Hepatic and renal profile, proteinogram, CRP and RF, CK and aldolase in normal range, ferritin 645 mg/dl. ANAs, Acs. anti-Ro, ant-iclNP and anti-r
Positive anti-Jo1 antibodies were detected.
Tumor markers were negative.
The chest X-ray showed a fine interstitial biphasic pattern, which was confirmed by tomographic images.
A restrictive pattern was observed in the mestizo with mild alteration in carbon monoxide diffusion.
Electromyogram was normal.
Our patient had clear cutaneous stigmas, such as "mechanical hands", "Gottron papules" and erythema heliotropase heliotropase signs in the middle echocardiography, all of which showed interstitial and radiological progressive dyspnea.

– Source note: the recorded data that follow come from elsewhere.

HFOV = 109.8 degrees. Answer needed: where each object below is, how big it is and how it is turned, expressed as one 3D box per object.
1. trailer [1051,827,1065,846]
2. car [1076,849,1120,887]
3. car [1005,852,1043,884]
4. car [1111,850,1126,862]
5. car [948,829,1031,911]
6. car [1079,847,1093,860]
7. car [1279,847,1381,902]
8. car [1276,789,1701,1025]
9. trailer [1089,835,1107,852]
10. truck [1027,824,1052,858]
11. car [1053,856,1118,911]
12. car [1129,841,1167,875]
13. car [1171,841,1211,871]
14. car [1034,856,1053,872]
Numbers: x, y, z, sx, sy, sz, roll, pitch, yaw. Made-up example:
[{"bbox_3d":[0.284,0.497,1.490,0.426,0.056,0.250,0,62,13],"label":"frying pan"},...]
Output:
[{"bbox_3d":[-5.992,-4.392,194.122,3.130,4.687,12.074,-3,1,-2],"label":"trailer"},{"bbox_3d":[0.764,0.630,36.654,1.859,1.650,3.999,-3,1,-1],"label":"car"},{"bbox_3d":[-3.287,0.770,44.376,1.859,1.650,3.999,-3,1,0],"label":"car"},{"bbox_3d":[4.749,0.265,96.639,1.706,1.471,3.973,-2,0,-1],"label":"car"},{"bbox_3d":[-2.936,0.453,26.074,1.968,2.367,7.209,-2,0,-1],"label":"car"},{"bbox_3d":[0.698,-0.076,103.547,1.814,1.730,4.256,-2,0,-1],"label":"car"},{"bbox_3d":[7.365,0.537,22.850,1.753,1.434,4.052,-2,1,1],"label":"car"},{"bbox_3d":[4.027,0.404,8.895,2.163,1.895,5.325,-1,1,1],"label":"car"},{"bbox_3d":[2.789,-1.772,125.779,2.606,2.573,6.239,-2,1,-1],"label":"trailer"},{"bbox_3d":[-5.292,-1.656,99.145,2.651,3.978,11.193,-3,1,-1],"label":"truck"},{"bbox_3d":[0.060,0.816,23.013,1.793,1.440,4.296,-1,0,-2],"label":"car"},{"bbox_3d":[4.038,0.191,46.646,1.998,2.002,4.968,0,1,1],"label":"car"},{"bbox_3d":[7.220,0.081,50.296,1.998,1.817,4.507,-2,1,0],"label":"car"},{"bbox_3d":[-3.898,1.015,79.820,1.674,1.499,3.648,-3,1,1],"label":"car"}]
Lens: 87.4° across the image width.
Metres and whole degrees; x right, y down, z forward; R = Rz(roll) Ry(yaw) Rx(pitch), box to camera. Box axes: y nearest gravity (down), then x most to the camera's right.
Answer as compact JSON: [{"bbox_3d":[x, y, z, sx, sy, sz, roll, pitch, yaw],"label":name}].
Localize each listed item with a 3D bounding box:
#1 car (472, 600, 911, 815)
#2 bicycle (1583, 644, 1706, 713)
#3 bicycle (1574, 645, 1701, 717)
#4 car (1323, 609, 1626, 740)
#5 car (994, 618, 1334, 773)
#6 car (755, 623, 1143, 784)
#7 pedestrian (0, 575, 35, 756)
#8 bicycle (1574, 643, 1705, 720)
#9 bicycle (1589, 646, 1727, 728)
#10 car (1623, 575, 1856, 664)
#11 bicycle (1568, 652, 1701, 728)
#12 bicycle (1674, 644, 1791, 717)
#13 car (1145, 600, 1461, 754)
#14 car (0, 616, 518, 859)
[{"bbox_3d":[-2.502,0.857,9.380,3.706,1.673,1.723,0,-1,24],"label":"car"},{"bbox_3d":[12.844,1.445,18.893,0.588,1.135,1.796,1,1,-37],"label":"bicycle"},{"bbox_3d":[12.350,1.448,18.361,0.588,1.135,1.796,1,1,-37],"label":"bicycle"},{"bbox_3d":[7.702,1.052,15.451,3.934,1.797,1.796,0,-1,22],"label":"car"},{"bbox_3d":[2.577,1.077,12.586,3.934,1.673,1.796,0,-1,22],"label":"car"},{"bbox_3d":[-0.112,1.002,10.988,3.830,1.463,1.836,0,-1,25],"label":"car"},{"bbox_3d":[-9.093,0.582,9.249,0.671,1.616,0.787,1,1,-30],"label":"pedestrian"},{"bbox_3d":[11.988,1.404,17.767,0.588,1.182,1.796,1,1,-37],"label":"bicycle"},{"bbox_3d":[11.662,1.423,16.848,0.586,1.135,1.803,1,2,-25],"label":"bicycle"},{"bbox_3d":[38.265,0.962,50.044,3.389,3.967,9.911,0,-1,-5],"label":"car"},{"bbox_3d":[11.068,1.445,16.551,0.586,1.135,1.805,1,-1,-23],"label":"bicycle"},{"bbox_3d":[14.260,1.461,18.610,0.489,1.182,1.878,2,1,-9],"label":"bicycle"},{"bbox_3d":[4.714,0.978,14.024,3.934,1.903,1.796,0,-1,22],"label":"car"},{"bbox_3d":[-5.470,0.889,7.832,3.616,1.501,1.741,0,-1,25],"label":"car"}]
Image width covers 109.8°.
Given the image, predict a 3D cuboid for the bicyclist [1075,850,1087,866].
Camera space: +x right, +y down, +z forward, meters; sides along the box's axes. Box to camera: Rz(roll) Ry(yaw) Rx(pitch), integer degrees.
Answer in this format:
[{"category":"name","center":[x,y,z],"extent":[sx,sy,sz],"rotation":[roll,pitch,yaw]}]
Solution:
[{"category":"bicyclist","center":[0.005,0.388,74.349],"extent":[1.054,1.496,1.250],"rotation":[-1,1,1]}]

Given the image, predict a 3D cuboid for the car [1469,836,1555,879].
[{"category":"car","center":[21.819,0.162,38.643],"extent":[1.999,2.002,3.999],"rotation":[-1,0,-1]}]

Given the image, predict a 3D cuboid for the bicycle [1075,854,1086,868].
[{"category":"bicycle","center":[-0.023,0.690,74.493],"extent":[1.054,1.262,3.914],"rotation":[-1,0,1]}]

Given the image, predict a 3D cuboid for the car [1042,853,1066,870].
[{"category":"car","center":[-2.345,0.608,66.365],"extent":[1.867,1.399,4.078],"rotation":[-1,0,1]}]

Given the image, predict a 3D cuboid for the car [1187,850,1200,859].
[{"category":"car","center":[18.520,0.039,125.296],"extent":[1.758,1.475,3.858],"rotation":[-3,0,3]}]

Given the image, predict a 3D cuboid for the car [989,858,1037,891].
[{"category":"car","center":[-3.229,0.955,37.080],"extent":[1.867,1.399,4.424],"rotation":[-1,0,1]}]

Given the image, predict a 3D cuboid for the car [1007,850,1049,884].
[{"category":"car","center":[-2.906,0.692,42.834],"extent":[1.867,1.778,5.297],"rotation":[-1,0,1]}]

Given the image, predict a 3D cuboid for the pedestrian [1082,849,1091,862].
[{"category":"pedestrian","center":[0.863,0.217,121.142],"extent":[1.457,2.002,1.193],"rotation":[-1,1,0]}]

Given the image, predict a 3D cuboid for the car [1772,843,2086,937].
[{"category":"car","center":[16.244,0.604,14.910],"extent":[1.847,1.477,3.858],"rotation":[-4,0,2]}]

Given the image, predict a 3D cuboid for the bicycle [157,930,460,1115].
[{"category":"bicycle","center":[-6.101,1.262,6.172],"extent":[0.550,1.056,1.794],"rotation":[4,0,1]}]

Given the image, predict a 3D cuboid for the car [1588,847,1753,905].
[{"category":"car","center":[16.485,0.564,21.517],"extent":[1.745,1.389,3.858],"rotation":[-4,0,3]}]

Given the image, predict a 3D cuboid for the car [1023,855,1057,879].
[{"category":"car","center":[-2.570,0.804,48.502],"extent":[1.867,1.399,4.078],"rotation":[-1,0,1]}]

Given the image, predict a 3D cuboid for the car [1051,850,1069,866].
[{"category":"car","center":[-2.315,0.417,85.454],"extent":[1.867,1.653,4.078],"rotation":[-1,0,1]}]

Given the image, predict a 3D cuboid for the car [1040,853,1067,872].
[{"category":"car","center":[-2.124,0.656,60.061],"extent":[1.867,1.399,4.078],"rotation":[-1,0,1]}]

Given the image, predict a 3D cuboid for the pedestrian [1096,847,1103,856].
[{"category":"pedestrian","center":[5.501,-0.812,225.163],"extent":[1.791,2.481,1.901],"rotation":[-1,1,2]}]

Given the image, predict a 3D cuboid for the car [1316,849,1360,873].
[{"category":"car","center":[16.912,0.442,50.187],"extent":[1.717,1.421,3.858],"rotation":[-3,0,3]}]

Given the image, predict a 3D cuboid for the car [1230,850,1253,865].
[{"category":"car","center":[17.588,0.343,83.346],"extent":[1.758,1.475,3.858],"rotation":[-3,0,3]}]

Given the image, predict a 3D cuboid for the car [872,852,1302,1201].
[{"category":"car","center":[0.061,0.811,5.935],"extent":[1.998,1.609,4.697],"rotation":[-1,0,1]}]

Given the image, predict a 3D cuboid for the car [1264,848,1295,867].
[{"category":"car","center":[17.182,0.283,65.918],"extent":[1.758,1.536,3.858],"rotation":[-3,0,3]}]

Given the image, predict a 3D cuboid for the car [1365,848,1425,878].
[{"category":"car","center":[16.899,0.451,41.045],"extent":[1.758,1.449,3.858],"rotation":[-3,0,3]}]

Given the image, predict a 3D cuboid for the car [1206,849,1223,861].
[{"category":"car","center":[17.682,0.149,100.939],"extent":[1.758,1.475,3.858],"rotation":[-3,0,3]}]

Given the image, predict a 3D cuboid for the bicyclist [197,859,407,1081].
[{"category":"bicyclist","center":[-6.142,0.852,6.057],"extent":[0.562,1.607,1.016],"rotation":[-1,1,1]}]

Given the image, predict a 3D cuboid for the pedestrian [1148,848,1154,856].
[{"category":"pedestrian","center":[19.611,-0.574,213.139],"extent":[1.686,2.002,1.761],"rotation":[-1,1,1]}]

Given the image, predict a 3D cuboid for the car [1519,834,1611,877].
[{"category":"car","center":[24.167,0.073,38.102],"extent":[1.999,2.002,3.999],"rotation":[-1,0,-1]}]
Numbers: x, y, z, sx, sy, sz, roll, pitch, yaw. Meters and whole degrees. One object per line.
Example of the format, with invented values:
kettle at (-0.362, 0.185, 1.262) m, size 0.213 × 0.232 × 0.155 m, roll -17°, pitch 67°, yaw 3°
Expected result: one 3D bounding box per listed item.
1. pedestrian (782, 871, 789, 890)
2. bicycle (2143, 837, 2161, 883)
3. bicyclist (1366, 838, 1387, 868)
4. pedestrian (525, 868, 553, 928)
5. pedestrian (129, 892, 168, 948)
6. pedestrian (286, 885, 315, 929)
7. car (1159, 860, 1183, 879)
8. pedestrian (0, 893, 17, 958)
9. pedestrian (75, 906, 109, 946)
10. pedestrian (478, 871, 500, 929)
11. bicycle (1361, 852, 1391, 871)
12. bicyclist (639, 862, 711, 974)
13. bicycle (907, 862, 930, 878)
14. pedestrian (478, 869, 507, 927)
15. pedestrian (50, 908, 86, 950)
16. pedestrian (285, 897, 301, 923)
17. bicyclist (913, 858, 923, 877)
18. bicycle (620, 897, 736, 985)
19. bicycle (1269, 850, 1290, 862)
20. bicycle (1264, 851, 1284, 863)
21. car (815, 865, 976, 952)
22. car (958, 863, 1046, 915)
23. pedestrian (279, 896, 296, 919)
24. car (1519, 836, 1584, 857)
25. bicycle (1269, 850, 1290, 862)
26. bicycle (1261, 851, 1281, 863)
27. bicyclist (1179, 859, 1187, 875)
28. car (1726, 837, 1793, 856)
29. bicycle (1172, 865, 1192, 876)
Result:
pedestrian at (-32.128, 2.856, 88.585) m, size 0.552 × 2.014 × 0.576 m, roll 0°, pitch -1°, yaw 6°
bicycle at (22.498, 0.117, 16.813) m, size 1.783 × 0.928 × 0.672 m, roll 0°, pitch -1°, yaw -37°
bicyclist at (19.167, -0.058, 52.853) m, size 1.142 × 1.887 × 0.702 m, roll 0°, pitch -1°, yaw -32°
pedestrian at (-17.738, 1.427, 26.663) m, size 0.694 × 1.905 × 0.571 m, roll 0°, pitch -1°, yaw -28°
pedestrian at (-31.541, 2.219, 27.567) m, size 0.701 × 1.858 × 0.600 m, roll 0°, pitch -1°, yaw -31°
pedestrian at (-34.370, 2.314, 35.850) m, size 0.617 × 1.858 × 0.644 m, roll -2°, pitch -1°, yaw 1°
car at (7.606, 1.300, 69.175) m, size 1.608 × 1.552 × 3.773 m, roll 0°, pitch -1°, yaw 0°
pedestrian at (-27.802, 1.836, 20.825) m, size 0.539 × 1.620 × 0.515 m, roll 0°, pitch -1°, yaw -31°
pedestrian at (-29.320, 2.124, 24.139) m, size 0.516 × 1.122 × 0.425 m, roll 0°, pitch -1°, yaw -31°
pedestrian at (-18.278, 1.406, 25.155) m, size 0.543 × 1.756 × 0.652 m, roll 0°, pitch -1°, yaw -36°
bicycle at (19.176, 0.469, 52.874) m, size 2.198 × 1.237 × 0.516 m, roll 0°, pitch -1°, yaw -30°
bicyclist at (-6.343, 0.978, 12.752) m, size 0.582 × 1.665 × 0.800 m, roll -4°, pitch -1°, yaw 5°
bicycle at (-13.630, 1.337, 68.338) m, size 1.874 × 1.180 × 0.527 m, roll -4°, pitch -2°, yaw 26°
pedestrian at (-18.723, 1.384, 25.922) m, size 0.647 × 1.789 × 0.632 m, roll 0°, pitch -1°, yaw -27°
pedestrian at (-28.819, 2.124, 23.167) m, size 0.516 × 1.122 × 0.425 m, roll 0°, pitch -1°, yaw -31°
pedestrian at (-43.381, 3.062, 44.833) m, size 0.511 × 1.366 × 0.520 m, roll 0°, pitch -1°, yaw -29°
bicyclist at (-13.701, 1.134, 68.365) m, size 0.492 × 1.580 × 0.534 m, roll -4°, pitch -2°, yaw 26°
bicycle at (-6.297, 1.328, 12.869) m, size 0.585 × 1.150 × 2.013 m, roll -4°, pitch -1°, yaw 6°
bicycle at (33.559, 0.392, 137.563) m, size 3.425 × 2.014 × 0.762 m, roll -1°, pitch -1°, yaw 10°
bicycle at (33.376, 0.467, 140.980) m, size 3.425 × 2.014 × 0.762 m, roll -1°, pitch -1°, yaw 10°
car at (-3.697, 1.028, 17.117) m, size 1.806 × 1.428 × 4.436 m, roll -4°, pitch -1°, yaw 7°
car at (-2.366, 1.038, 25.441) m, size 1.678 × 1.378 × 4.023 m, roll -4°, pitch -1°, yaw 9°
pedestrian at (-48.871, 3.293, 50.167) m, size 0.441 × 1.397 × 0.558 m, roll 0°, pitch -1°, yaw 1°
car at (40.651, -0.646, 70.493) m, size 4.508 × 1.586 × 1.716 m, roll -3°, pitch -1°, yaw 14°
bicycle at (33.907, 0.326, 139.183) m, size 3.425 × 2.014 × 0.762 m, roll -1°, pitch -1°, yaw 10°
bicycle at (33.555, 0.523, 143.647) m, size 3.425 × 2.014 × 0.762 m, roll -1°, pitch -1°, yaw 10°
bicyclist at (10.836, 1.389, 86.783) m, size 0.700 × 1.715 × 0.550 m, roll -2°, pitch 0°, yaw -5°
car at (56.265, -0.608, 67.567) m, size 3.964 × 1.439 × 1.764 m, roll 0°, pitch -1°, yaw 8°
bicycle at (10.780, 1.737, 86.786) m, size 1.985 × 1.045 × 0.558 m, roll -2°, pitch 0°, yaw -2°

With these data we performed a clinical diagnosis of amyopathic dermatomyositis/antisynthetase syndrome.
Treatment was initiated with steroids (methylprednisolone) at a dose of 1 mg/kg, with significant functional improvement of the lesions and disappearance of the skin lesions.
Weeks after the beginning of treatment there was a rebound of the disease that progressed to worsening clinical manifestations of respiratory disease, so treatment was proposed with intravenous cyclophosphamide boluses and maintenance of corticosteroid therapy.
The patient underwent 6 cycles with significant clinical improvement, which at present allowed the decrease of corticoid therapy, finding the patient asymptomatic.